= Paul Lemoine =

French geologist

Paul Lemoine (/fr/; March 28, 1878 - March 14, 1940) was a French geologist born in Paris. He was the son of chemist Georges Lemoine (1841-1922) and husband of phycologist Marie Lemoine (1887–1984).

==Career==

In 1902-03 he conducted geological studies of northern Madagascar that included Diego Suarez. In 1904 he performed geological/exploratory investigations in Morocco. From 1908 to 1919 he was head of the Géologie au Laboratoire Colonial in Paris. During this time period he also taught classes in geology at the Ecole spéciale d'Architecture (1909-1920).

Following the retirement of Stanislas-Étienne Meunier (1843-1925), he was appointed chair of geology at the Muséum national d'histoire naturelle (1920). From 1932 to 1936 he was director of the museum.

In 1916 in collaboration with other scientists, he created the Société de Documentation Paléontologique, which later became known as the Syndicat de Documentation Géologique et Paléontologique. Lemoine was a member of the Académie des sciences, the Société de biogéographie, the Société française de minéralogie et de cristallographie and the Société géologique de France (its president in 1923 and 1936).

==Evolution==

Lemoine has been cited in creationist literature as being anti-evolution. A quote often attributed to him from the Encyclopédie française (Volume 5, 1937) is:

"It results from this explanation that the theory of evolution is not exact ... Evolution is a kind of dogma which its own priests no longer believe, but which they uphold for the people. It is necessary to have the courage to state this if only so that men of a future generation may orient their research into a different direction."

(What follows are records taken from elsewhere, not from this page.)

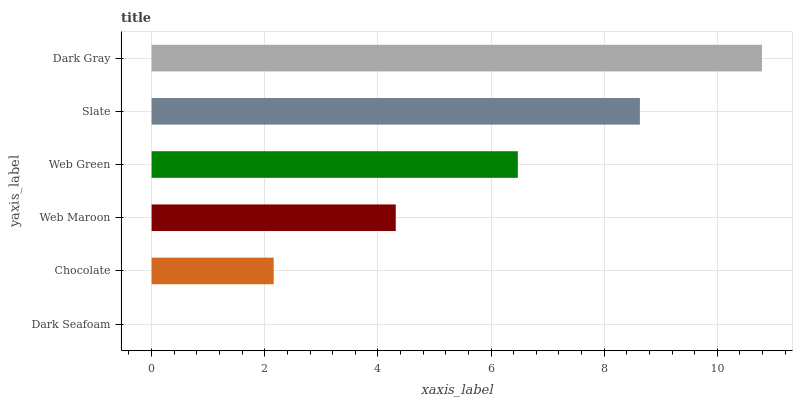Is Dark Seafoam the minimum?
Answer yes or no. Yes. Is Dark Gray the maximum?
Answer yes or no. Yes. Is Chocolate the minimum?
Answer yes or no. No. Is Chocolate the maximum?
Answer yes or no. No. Is Chocolate greater than Dark Seafoam?
Answer yes or no. Yes. Is Dark Seafoam less than Chocolate?
Answer yes or no. Yes. Is Dark Seafoam greater than Chocolate?
Answer yes or no. No. Is Chocolate less than Dark Seafoam?
Answer yes or no. No. Is Web Green the high median?
Answer yes or no. Yes. Is Web Maroon the low median?
Answer yes or no. Yes. Is Dark Gray the high median?
Answer yes or no. No. Is Web Green the low median?
Answer yes or no. No.

It is suspected that the quote is taken out of context by creationists, as Lemoine was addressing how evolution occurred, not the fact of evolution itself.

== Written works ==
- Conférences sur Madagascar, 1904 (Lectures on Madagascar)
- Mission dans le Maroc occidental (automne 1904), 1905 (Mission in western Morocco; autumn 1904)
- Études géologiques dans le nord de Madagascar: Contributions à l'histoire géologique de l'océan indien, 1906 (Geological srudies of northern Madagascar, Contributions to the geological history of the Indian Ocean).
- Contributions à la géologie des colonies françaises, 1908–09.
- Géologie du bassin de Paris, 1911 (Geology of the Paris Basin)
- Excursion de la Société géologique de France à Vigny et à Meulan (Seine-et-Oise), le 17 mars 1912, sous la conduite de MM. G.-F. Dollfus et Paul Lemoine. Étude de la position stratigraphique du calcaire pisolithique, 1912.
- Afrique occidentale, 1913 (Western Africa).
- Volcans et tremblements de terre, 1928 (Volcanoes and earthquakes).
- Mon oeuvre au Muséum national d'histoire naturelle pendant cinq ans de direction. 1932-1936, 1936.
- Bibliographie des sciences géologiques, (Bibliography of geological sciences); published by the Geological Society of France with assistance from the French Society of Mineralogy ... Second set. Volume VIII (1937). Foreword by Paul Lemoine and R. Laffitte. [- Volume IX (1938). Foreword by R. Laffitte.
- Note:: He is not to be confused with Paul Lemoine, French pediatrician (1917-2006).